- _Exercise_
Only lines containing "setNext" are wanted from the data below. Copy those lines.

- _Material to process_
====

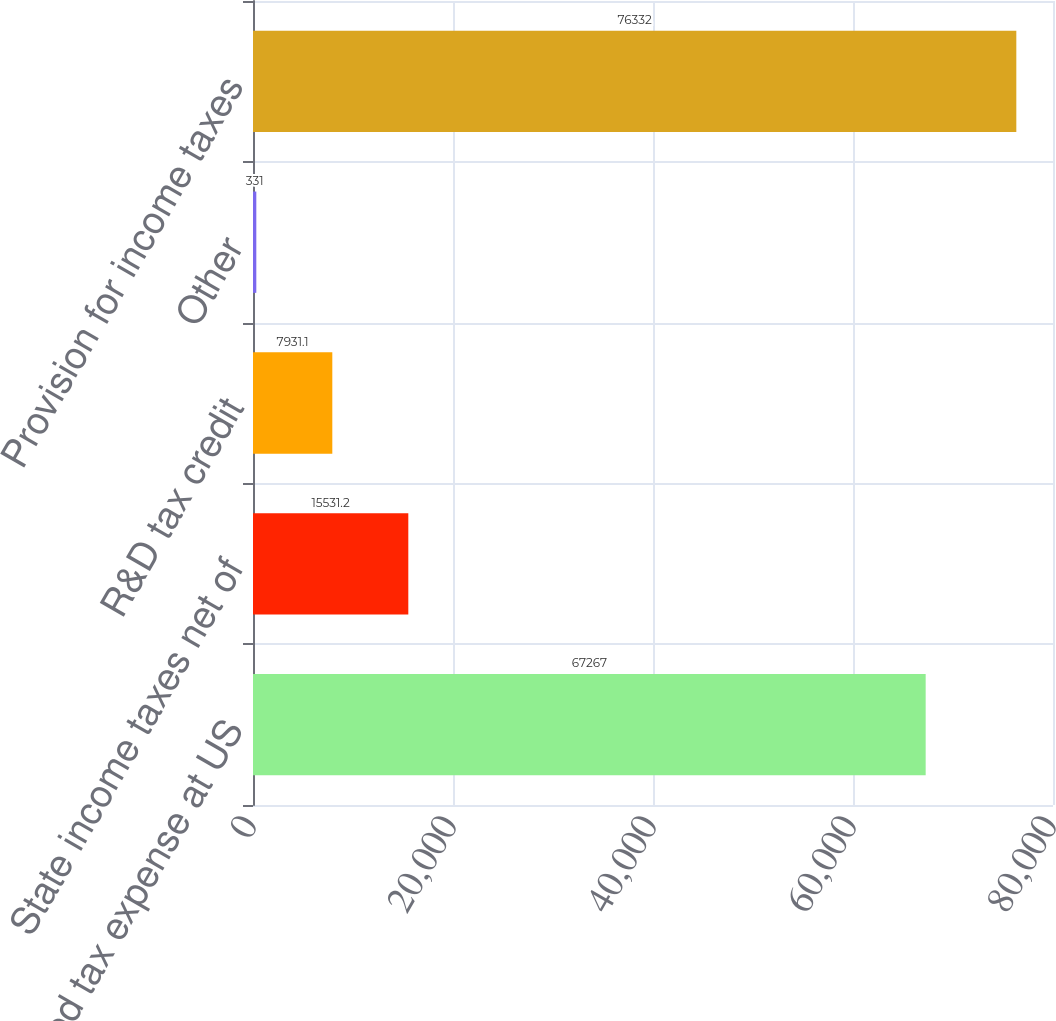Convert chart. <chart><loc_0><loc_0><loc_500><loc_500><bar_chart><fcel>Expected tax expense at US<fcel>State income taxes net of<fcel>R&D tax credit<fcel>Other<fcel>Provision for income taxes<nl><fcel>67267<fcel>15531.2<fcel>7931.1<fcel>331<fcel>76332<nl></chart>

====

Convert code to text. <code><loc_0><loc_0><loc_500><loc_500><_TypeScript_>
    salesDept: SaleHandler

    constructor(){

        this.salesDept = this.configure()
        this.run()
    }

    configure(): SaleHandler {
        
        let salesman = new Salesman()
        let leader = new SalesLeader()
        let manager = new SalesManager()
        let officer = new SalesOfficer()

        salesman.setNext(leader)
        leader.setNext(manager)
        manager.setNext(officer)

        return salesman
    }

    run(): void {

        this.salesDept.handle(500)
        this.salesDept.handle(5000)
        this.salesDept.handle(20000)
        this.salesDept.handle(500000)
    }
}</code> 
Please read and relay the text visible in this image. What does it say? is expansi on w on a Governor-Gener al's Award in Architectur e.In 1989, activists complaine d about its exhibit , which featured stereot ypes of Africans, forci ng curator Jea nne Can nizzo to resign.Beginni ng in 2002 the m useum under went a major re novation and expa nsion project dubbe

====

- _Written response_
        salesman.setNext(leader)
        leader.setNext(manager)
        manager.setNext(officer)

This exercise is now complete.